/0/1454/coverbig.jpg?v=f64030d947de1fa798bf156c495775db)
Matarazzo havia passado mais uma noite sob os efeitos do álcool, o homem havia bebido muito dentro de sua própria casa, suportando a solidão e a amargura da tristeza. Desde que rompeu seu namoro quando ainda morava com sua mãe e se mudou para uma cidade fria e longínqua de onde sua progenitora morava, Bertiolli nunca voltou a ser o mesmo. Não suportava a realidade de ter sido traído por Antonella bem embaixo de seu nariz, também não entendia o que havia feito para merecer uma traição vinda de duas pessoas que amou e confiou tanto.
Sim, sua namorada o traiu com alguém muito próximo na época e era isso o que mais doía no homem. Abriu seus olhos, sem se mexer na cama, apenas encarava o nada, jogado de bruços nós lençóis de seda com a mente vazia e ao mesmo tempo transbordando. A dor latejante não era mais forte que seus pensamentos infames de querer romper sua vida imediatamente, Matarazzo havia acostumado com a dor de ter seus sonhos não realizados, mas não conseguia parar a dor da frustração. Ter uma família ao lado de seu primeiro amor, filhos, uma casinha de campo e um cachorro, ele seria capaz de tudo para que isso fosse realidade, mas tudo acabou quando entrou na biblioteca daquela casa, pegando Antonella aos beijos com seu primo mais próximo. Como o imaginado, houve uma briga muito feia, onde Bertiolli espancou seu primo e escurraçou os dois de dentro de sua casa. Sua mãe tentava o acalmar a todo momento, mas não era possível, pois o homem presenciou uma das piores cenas de sua vida, uma que não estava sendo fácil superar, mesmo depois de três anos. Quando se mudou da casa da mãe, imaginou que seria mais fácil superar a cena que marcou seus sentimentos ao nunca mais cruzar com Antonella que, insistia em invadir sua casa várias vezes, mas não foi bem assim. Ainda depois de três anos, ele bebia para afogar as mágoas e esquecer o rosto daquela maldita loura e magricela.
O aparelho ao seu lado o assustou com o som estridente de uma chamada que estava recebendo. Poderia ser mais um cliente, afinal, esses anos morando sozinho serviram para Bertiolli se dedicar ainda mais na carreira de investigador particular e se tornar conhecido não só em seu país, mas em muitos lugares do mundo. Ainda sentindo a cabeça pesar pelo efeito do álcool, o homem se inclinou até o criado mudo e pegou o aparelho, vendo no visor um número internacional. Respirou fundo, quem poderia ser? Neste tempo como investigador, não adquiriu nenhum inimigo pelo caminho, mas todo o cuidado que tomaria ainda era pouco. Seu trabalho era extremamente sério e sigiloso, ele apenas investigava casos de forma particular e algumas vezes fazia perguntas a testemunhas colaboradoras, mas nunca se envolveu a fundo com a criminalidade ou com os envolvidos em questão. Entrava e saía de seus casos sem que fosse percebido pelos investigados, a maioria eram criminosos. Depois de haver desistido de ser delegado, essa era a sua profissão que vinha levando já há alguns anos.
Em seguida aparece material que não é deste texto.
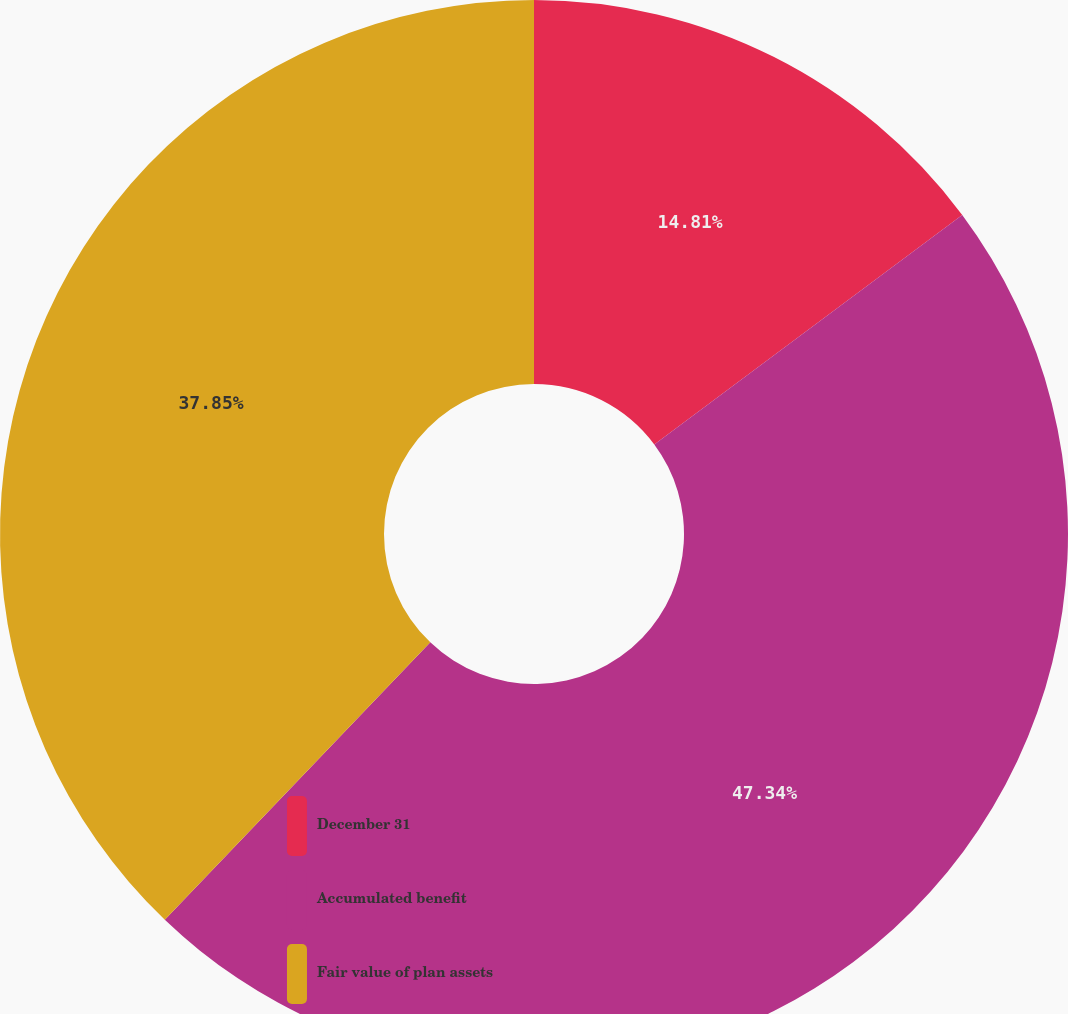Convert chart to OTSL. <chart><loc_0><loc_0><loc_500><loc_500><pie_chart><fcel>December 31<fcel>Accumulated benefit<fcel>Fair value of plan assets<nl><fcel>14.81%<fcel>47.34%<fcel>37.85%<nl></chart> 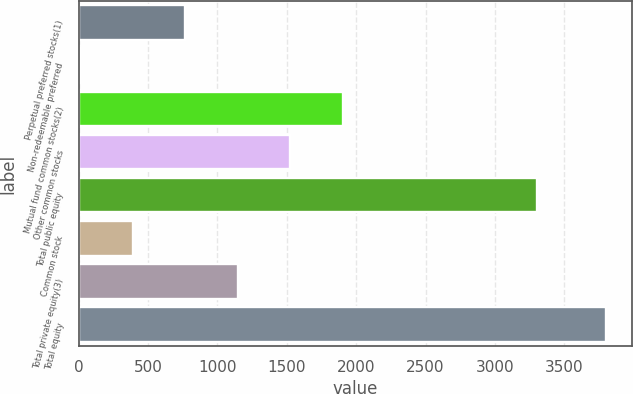<chart> <loc_0><loc_0><loc_500><loc_500><bar_chart><fcel>Perpetual preferred stocks(1)<fcel>Non-redeemable preferred<fcel>Mutual fund common stocks(2)<fcel>Other common stocks<fcel>Total public equity<fcel>Common stock<fcel>Total private equity(3)<fcel>Total equity<nl><fcel>769.2<fcel>12<fcel>1905<fcel>1526.4<fcel>3302<fcel>390.6<fcel>1147.8<fcel>3798<nl></chart>

A chamada de findou sem ser atendida, Bertiolli estava se sentindo muito lento para atender alguém naquele momento e mesmo um cliente teria de esperar. Colocou o aparelho ao seu lado na cama e voltou a fechar seus olhos, a fim de dormir por mais algumas horas e então estaria novo como um bambu à beira do rio. No entanto, seu celular voltou a tocar, o importunando. Apertou ainda mais seus olhos e se virou na direção contrária do aparelho, não queria escutar a voz de ninguém, não queria ser importunado, apenas dormir até que se sentisse bem novamente. Deixou que tocasse até cair na caixa de mensagens, dessa vez não voltando a tocar, se sentiu satisfeito. Ele permaneceu deitado por mais algumas horas do dia, não se importando com as horas, ressonando e voltando à consciência por algumas vezes, até que decidiu se levantar. Pegou o aparelho em suas mãos e saiu de seu quarto, em busca de sua máquina de café, era isso que o mantinha acordado durante o dia.
Preguiçoso, era o que lhe descrevia depois que havia saído da casa de Donatela, sua mãe. Bertiolli passava a maior parte do tempo dormindo quando não estava trabalhando, não fazia vínculos mais fortes além dos homens que trabalhavam para ele em alguns casos e nunca se relacionava com mulheres, principalmente as loiras, pois apenas uma havia deixado uma marca que se lembraria pelo resto de sua vida. Já na cozinha, colocou a cápsula dentro da máquina e esperou o café cair em sua xícara lentamente, enquanto pegava uma torrada dentro de seu armário. Se encaminhou em direção à sala e se jogou lá mesmo, ligando a televisão e colocando em um programa infantil. Desenhos eram os seus favoritos, talvez a alma ainda fosse a de uma criança que nunca cresceria dentro dele. Sorriu, enquanto tomava seu café e assistia a programação.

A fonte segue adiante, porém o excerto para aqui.